The notion of “cosmic corporealities” appears frequently in your choreographic vocabulary. What exactly is meant by that?
The concept of the “cosmic body” or “cosmic corporealities” comes from my reading of Glitch Feminism: A Manifesto (2020) by Legacy Russell. In her manifesto, she pays tribute to the “inconceivable vastness” of the body and the cosmic scope that it contains. She quotes in passing the Martinican philosopher Édouard Glissant, who proposed the idea of consenting not be a single being by opening yourself up to the multiplicity of your being. The cosmic body consents to performing its abstraction in order to explore its potential beyond conventional and social limits. I understand it as a call for continued interconnection, or even interpenetration, between beings, materials, and things.
How does this unique relationship to the body feed into the exploration of eroticism at the heart of Unarmoured?
At the start of the process, I spoke of “cosmic eroticism” because I wanted to remove eroticism from its relationship to seduction and pornography.
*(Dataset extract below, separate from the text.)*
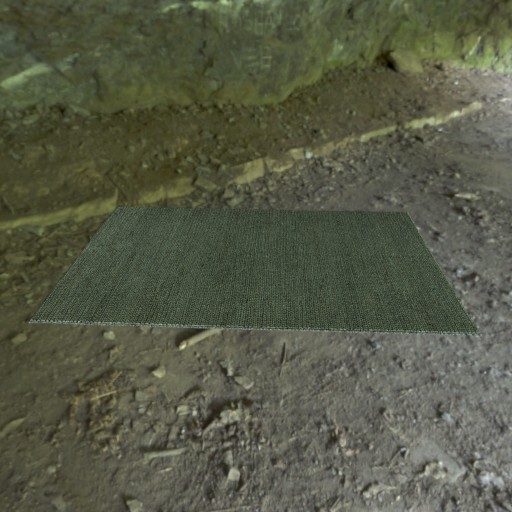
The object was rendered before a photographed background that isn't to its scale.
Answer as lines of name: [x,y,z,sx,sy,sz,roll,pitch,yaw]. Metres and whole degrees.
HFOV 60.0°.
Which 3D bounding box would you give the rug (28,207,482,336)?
rug: [0.000,0.000,3.034,2.443,0.021,1.538,1,30,2]

I wanted to open it up to include even what a child might desire, feel, and perceive. Eroticism in the sense of a wakening to desire, pleasure, and play through the intermediary of the sensory worlds that comprise who we are. Then, I gradually moved away from the term “cosmic” in order to explore an eroticism of the flesh that was more concrete and down-to-earth. We have a very strong relationship with the ground in this piece. It’s definitely our ally.
Today, I would say that UNARMOURED is a work about how to live and feel our relationship to eroticism starting from the exploration of our cosmic corporeality. Together, we wonder how this relationship has been shaped by what we have experienced and imagined, from childhood to adulthood. There is certainly a quest for healing that is shared by all of us, even though each of our paths is different—a search for liberation from shame and constraints by reclaiming our desires and sensations. To achieve this, we need someone else. The writing of this piece was an inherently collaborative process.
Duos seem to play an important role in that respect. When moving, you really feel how mutual support and encouragement generate spaces for impact, resistance, and negotiation as well as openings. How do you handle the relationship to the other?
We talk quite bluntly about our experiences and our sexuality. There’s a genuine dialogue, an exchange about mutual consent to see whether we can support someone or give them space instead. At the start, one of the frameworks for this project was the resolution or transformation of conflict. I was reading The Space Between Us (2021) by Betty Pries and I literally felt like I was reading music theory. I come from a music background originally. My way of understanding dance is therefore musical. I realized that that’s what duos are about. It’s a matter of negotiation, exchange, and being open to hearing each other. It also involves polarity, meaning alternation between resistance and openness, contraction and expansion. The poem “Waterline” by the Vietnamese author Ocean Vuong was an important reference point in our process: “If I nationed myself / in the shadow / of a colossal wave / If only to hold on / by opening– / by kingdom come.” The phrase “to hold on by opening,” served as a mantra for us, the idea of holding on to an anchor, which could be a body, a sound, a place or a prayer, to better open ourselves up to the potentialities that form us.
As a musician and choreographer, how do you see and navigate “the space between us”?
I see the spaces of friction and modulation in the relationship between two bodies as musical interludes. I see two vibrations that intensify each other, creating a space, or conversely, cancel each other out. I see how the resolution of a single musical theme can release tension and lead to a complete reorganization of the body. These intervals are waves of energy. Bodies are constantly synchronizing and desynchronizing. I feel like the physical exploration in UNARMOURED revolves around water. The formal approach combines notions of fluidity, multiple identities, evolution, and healing, which form the lens of our relationship to eroticism. The relational space, made of waves and polyphonic games, is created through the work’s various media: bodies, space, music, light.